Потом, как-то не памятно, я очутился в Сормове, в доме, где всё было новое, стены без обоев, с пенькой в пазах между бревнами и со множеством тараканов в пеньке. Мать и вотчим жили в двух комнатах, на улицу окнами, а я с бабушкой — в кухне, с одним окном на крышу. Из-за крыш чёрными кукишами торчали в небо трубы завода и густо, кудряво дымили, зимний ветер раздувал дым по всему селу; всегда у нас, в холодных комнатах, стоял жирный запах гари. Рано утром волком выл гудок:
— Хвоу, оу, оу-у…
Если встать на лавку, то в верхние стёкла окна, через крыши, видны освещённые фонарями ворота завода, раскрытые, как беззубый чёрный рот старого нищего,- в него густо лезет толпа маленьких людей. В полдень снова гудок; отваливались чёрные губы ворот, открывая глубокую дыру, завод тошнило пережёванными людями, чёрным потоком они изливались на улицу, белый, мохнатый ветер летал вдоль улицы, гоняя и раскидывая людей по домам. Небо было видимо над селом очень редко: изо дня в день над крышами домов, над сугробами снега, посоленными копотью, висела другая крыша, серая, плоская, она притискивала воображение и ослепляла глаза своим тоскливым одноцветом.

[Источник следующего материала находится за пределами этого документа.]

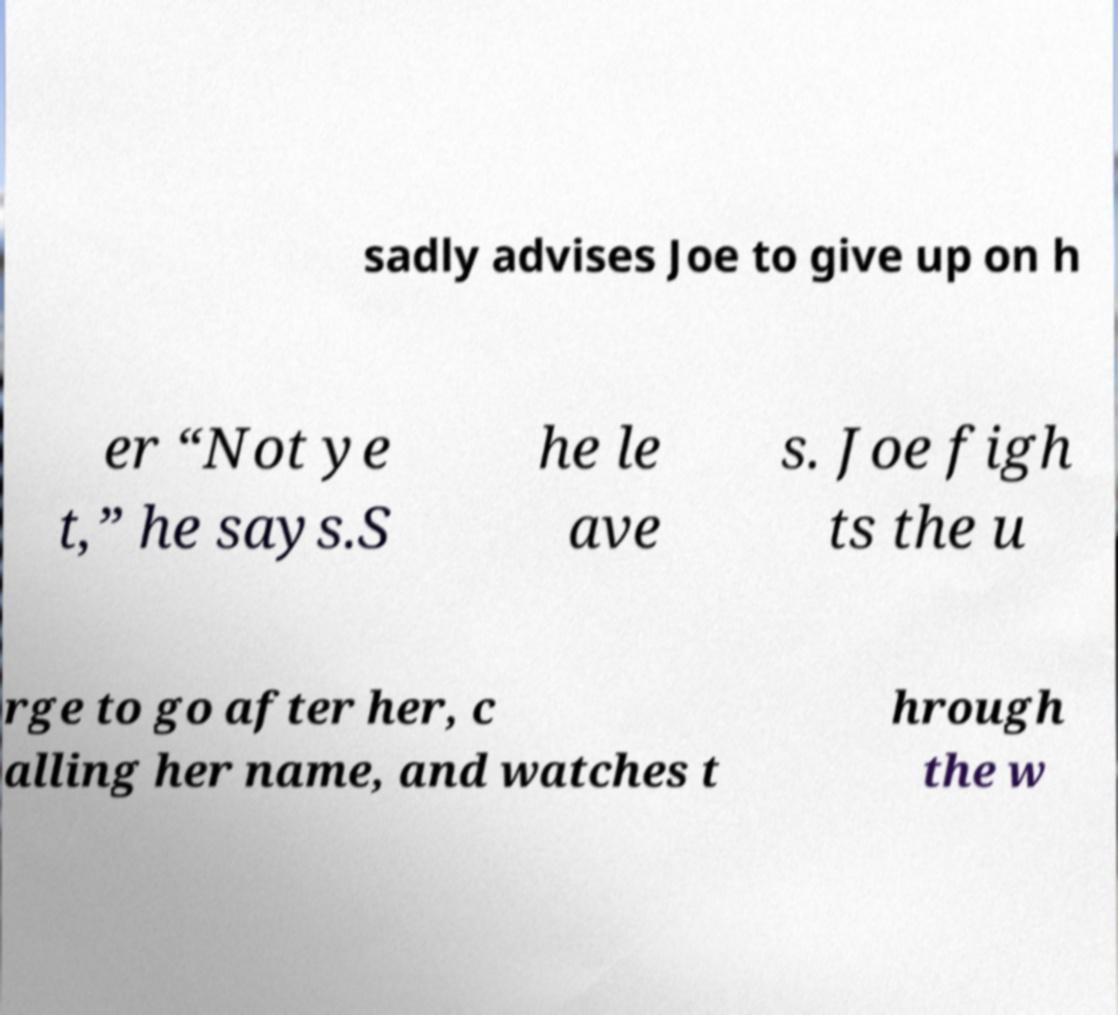Please read and relay the text visible in this image. What does it say? sadly advises Joe to give up on h er “Not ye t,” he says.S he le ave s. Joe figh ts the u rge to go after her, c alling her name, and watches t hrough the w

Вечерами над заводом колебалось мутно-красное зарево, освещая концы труб, и было похоже, что трубы не от земли к небу поднялись, а опускаются к земле из этого дымного облака,- опускаются, дышат красным и воют, гудят. Смотреть на всё это было невыносимо тошно, злая скука грызла сердце. Бабушка работала за кухарку — стряпала, мыла полы, колола дрова, носила воду, она была в работе с утра до вечера, ложилась спать усталая, кряхтя и охая. Иногда она, отстряпавшись, надевала короткую ватную кофту и, высоко подоткнув юбку, отправлялась в город.
— Поглядеть, как там старик живёт..
— Возьми меня!
— Замёрзнешь, гляди, как вьюжно!
И уходила она за семь вёрст, по дороге, затерянной в снежных полях. Мать, жёлтая, беременная, зябко куталась в серую, рваную шаль с бахромой. Ненавидел я эту шаль, искажавшую большое, стройное тело, ненавидел и обрывал хвостики бахромы, ненавидел дом, завод, село. Мать ходила в растоптанных валенках, кашляла, встряхивая безобразно большой живот, её серо-синие глаза сухо н сердито сверкали и часто неподвижно останавливались на голых стенах, точно приклеиваясь к ним. Иногда она целый час смотрела в окно на улицу; улица была похожа на челюсть, часть зубов от старости почернела, покривилась, часть их уже вывалилась и неуклюже вставлены новые, не по челюсти большие.
— Зачем мы тут живём? — спрашивал я. Она отвечала:
— Ах, молчи ты…
Она мало говорила со мною, всё только приказывала:
— Сходи, подай, принеси…
На улицу меня пускали редко, каждый раз я возвращался домой избитый мальчишками,- драка была любимым и единственным наслаждением моим, я отдавался ей со страстью. Мать хлестала меня ремнём, но наказание ещё более раздражало, и в следующий раз я бился с ребятишками яростней,- а мать наказывала меня сильнее. Как-то раз я предупредил её, что, если она не перестанет бить, я укушу ей руку, убегу в поле и там замёрзну,- она удивлённо оттолкнула меня, прошлась по комнате и сказала, задыхаясь от усталости:
— Зверёныш!
Живая, трепетная радуга тех чувств, которые именуются любовью, выцветала в душе моей, всё чаще вспыхивали угарные синие огоньки злости на всё, тлело в сердце чувство тяжкого недовольства, сознание одиночества в этой серой, безжизненной чепухе.